Monday, August 25, 2008

Is VoIP Really A Good Choice For Business Communications??

Many businesses today are asking themselves this question ... "is VoIP (voice over internet protocol) really a good choice for my business's communications?" This isn't a question to take lightly. You need to understand what the potential benefits are before jumping to any decision. Then determine if they are substantial enough for your business to take that leap.

What must be realized is that IP is simply a signaling protocol or "method". This enables the intelligence from which advanced features are derived to exist in the network itself, and in a manner that is much more accessible to the end user. This results in a number of benefits to an organization.

A) Features = Productivity -

VoIP makes many more features available in a more accessible and flexible manner and at a lower cost. Of course, just having 575 features available to you doesn't help you. In fact it likely will overwhelm you and you won't bother to learn about any of them.

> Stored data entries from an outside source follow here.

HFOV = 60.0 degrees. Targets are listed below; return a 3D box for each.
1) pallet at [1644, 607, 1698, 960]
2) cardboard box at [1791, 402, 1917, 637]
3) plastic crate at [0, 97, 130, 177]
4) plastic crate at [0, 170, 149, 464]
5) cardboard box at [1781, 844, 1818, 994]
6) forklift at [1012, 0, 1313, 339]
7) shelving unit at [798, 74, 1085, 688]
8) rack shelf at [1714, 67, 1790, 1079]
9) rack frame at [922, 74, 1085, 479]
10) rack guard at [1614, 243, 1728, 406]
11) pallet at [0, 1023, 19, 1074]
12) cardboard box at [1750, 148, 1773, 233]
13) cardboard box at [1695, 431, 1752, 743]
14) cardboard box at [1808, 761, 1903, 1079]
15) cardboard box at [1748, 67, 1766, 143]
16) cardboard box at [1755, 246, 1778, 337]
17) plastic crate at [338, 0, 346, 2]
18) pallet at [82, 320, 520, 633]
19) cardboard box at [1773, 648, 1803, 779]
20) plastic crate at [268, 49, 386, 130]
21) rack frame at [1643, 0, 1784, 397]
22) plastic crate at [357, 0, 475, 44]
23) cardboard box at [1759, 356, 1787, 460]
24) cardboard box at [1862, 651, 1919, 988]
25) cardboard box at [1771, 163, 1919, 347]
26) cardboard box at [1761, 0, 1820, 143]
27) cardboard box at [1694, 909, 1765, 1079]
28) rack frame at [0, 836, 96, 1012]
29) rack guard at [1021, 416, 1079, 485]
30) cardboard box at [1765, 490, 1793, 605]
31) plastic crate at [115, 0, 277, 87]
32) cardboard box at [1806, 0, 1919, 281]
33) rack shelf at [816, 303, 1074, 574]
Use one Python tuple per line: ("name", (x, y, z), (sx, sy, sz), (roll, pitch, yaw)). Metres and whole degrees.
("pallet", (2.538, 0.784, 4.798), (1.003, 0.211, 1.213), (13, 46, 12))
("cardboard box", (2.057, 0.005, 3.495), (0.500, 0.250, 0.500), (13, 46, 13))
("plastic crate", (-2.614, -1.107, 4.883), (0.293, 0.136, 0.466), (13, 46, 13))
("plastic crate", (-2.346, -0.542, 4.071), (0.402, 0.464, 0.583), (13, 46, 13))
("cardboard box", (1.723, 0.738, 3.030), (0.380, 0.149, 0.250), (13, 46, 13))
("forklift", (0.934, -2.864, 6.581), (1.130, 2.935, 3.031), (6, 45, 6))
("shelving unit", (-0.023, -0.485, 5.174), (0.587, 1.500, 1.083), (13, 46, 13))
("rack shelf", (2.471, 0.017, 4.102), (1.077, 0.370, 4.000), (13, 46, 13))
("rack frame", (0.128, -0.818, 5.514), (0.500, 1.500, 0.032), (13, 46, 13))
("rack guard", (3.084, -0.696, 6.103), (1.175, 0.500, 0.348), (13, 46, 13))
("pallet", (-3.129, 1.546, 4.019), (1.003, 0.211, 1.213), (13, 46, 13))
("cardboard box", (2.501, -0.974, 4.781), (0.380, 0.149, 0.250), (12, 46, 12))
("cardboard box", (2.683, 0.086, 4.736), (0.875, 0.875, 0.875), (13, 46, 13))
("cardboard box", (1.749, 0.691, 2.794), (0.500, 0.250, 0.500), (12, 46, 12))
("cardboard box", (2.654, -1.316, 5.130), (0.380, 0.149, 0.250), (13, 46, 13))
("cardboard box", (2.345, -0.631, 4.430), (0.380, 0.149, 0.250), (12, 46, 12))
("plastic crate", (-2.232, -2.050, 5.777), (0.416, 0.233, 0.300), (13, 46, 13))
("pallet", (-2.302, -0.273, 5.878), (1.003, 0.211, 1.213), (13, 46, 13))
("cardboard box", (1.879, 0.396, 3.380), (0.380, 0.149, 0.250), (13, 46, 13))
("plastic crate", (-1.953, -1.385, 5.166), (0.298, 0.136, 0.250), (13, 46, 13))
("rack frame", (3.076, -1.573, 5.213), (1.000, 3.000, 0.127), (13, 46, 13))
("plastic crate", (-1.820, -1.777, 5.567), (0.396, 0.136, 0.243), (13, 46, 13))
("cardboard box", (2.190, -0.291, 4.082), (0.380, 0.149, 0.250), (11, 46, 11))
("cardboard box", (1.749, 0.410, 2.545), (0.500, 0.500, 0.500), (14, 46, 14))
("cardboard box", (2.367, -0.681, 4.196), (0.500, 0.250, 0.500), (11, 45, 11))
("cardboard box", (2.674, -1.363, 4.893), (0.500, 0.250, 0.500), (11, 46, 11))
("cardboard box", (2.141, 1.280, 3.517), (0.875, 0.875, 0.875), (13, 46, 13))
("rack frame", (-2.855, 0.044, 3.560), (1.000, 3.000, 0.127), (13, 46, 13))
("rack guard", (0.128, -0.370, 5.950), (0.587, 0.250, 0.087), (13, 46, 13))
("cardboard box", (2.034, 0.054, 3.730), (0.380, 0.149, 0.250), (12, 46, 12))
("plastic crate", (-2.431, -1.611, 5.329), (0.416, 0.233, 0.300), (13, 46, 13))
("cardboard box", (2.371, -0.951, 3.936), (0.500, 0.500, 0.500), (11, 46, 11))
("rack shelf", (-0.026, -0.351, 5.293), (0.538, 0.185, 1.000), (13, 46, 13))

The key, therefore, is for organizations to examine the many features that VoIP makes available and innovate ways to incorporate them into their business processes. This point cannot be overstated.

Think of a computer. Would a company suddenly replace Microsoft Office with some other word processing and spreadsheet suite without having training sessions for employees? Further, would they replace Microsoft Office just for fun, or would there need to be compelling reasons, such as better features that would enhance productivity? Of course, the answer to both of these is "no".

The same principal must be applied to VoIP. Organizations must invest the time to study what VoIP offerings make possible. They then must have a well-formed cross functional team spend time exploring how these new capabilities mighht be applied within various work functions in order to benefit the company. Only with that approach will a company be able to determine ....

(1) What is the reason to implement VoIP,

(2) What are the elements of a VoIP solution that are desired,

(3) How will VoIP be implemented in each functional area,

(4) What will the results be and how will they be measured.

I could go on for a long time with examples of VoIP features and how they can improve business processes to impact bottom-line results. One simple example I will provide is what is called the "Find-Me, Follow-Me" feature. This enables you to simply make a couple of clicks on your PC before you leave the office, and have your office line forward to your cell phone. WIth this, clients and fellow employees never have to even know what your cell phone number is. This has two main results. First, clients and employees don't waste time dialing the desk phone, but then when voicemail answers they hang up, then call the cell phone. Plus, if the cell phone voicemail answers they often will leave a message there, then call the desk phone again and leave another message there. Extra call costs and time wasted. Second, companies are beginning to realize that a huge part of their cell phone costs are due to employees calling other employees' cell phones - often when that employee is in the office - or at another company location. The point of cell phones is so employees can be in touch at any time. This VoIP feature (which has many other iterations beyond what I have described) enables clients and employees to only dial a single phone number and know that they will reach you directly, whether you are on your cell phone, working from home, or at another company location. Now THATS productivity and cost savings in multiple areas.

B) Security and Business Continuity -

Due to the enhanced level of control and visibility that VoIP provides the end user, an organization can truly "see" and control all aspects of its communications. They'll control the phone numbers, where they route/ring to, what networks they travel over, and so forth. Security organizations can control and monitor communications. For Business Continuity, in seconds you can have your entire call center operation switch to an alternate call center, or have the calls dispatched to employees at their homes.

C) Lower Costs -

In the short term VoIP offers cost savings over traditional land line phone use (e.g calling costs, particularly international); for the long term planning VoIP offers seamless connections to remote locations which creates an entirely new paradigm when planning future expansions and personnel moves.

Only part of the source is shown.